Around the margin of the bell, he adds slightly raised spots, blue-green bulbs; these would be phosphorescent, in a living animal, in an ocean thickened by night.
Dear Harry, I have received your letter and thank you for the kind words regarding my little sketches. Please find inclosed, copies, as many as I could complete, with more to come. Dear Harry, I work very slowly these days. The cold cramps my fingers and I do not want to make a mistake. Dear Harry, Since you have asked, Clotilde is very well except she misses her Papa. Too, the early darkness at this time of year can be so oppressive. Dear Harry, Another recent rockfall has exposed more petrifactions on the Scaur. I think they are worth exploring, despite the danger of further collapses. Dear Harry, Recently I have begun, by necessity, to work in glass, a medium difficult and unfamiliar to me, but filled, I think, with possibilities, could I only gain the opportunity to explore them. Dear Harry, Clotilde is very quiet, and unless I am mistaken, she thinks often of her “Darling Papa.” I am sure it would cheer her immeasurably, and me too, if you could make a foray north . . .
He draws an anemone, the thick, warty stem, the pale olive disk, the lobes of the mouth, the four surrounding rows of lilac tentacles. These are slender and tapering, like fingers. The soft, inner whorl of an oyster like the whorl of an ear, listening. He writes to Harry Owen in London. But he does not go into the Birdcage, and so he is not there on that particular night, that one out of the many nights, to stop Thomas Argument rising from his chair, following Clotilde to the window where she has sought shelter in her discomfort and anxiety. Argument stands close behind her as she looks down into the courtyard, seeking that wavering light, my father’s light. He stands so close that she does not dare to turn around, lest she find herself closer still.

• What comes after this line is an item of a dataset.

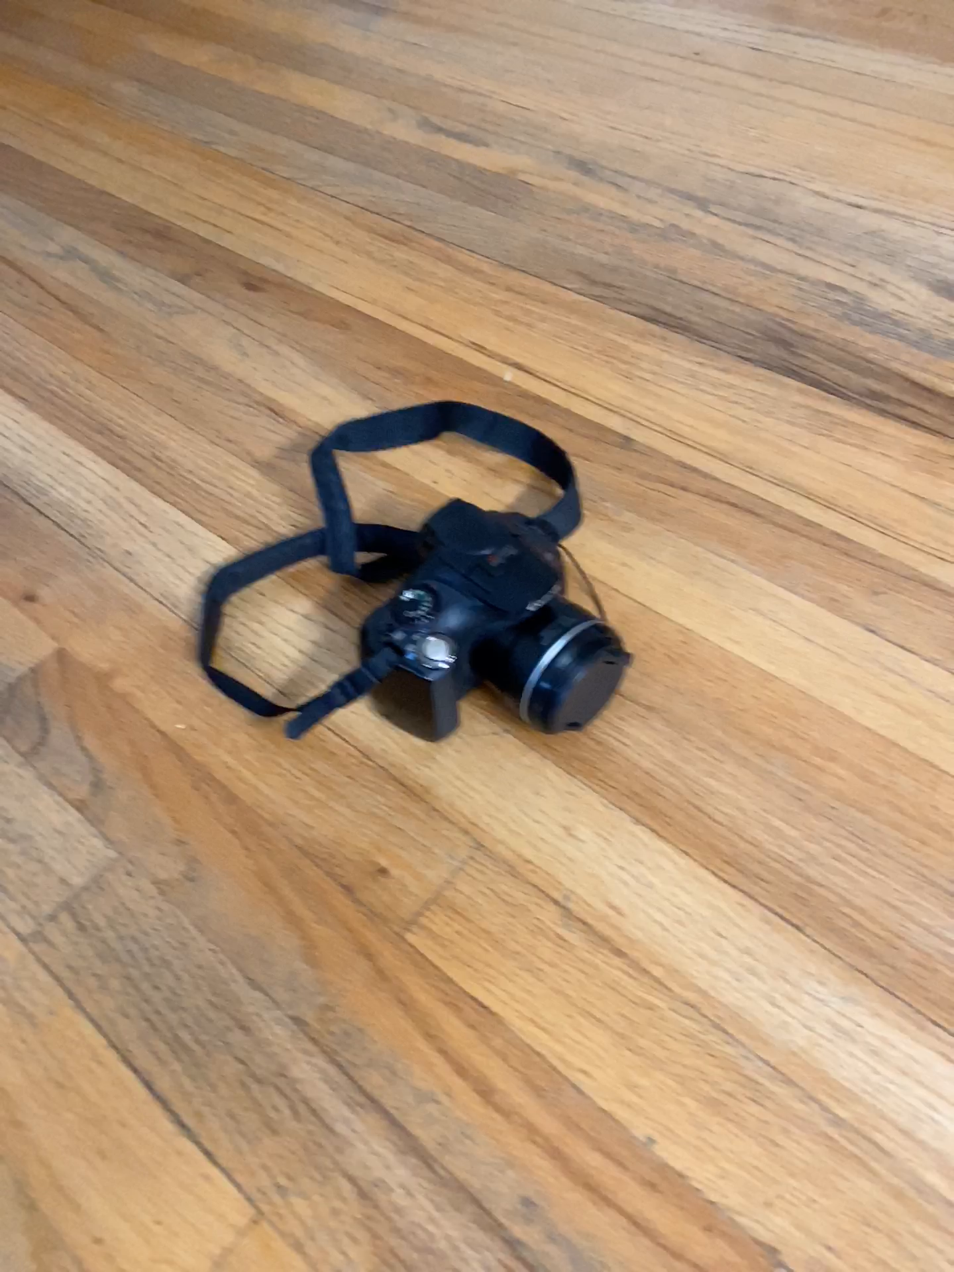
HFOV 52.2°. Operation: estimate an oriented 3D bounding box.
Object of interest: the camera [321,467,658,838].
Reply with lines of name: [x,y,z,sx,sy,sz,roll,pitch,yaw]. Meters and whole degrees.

Closer than she wants to be.
A single probing fingertip traces the edge of her lace collar. In response, a nervous vibration. She trembles. Perhaps from fear.
• • •
I am sure it would cheer her immeasurably, and me too, if you could make a foray north . . .
• • •
All this, of course, is speculation. I do not know what Thomas Argument did, or how my mother reacted. This is all a refraction of my fears, which are my father’s fears, handed down to me through his diary. My mother wrote nothing, left nothing, except, of course, that charming enigma, her photograph. She is a sphinx, a cipher. We have projected upon her in turn, first my father, now me. We are making her, he in his way, I in mine. She is our creature, our creation. At the same time, she is not ours at all. She has slipped away from us. Our created Clotilde is a simulacrum, inserted by us into the space where she really used to be, the space we are always seeking, and always failing, to fill.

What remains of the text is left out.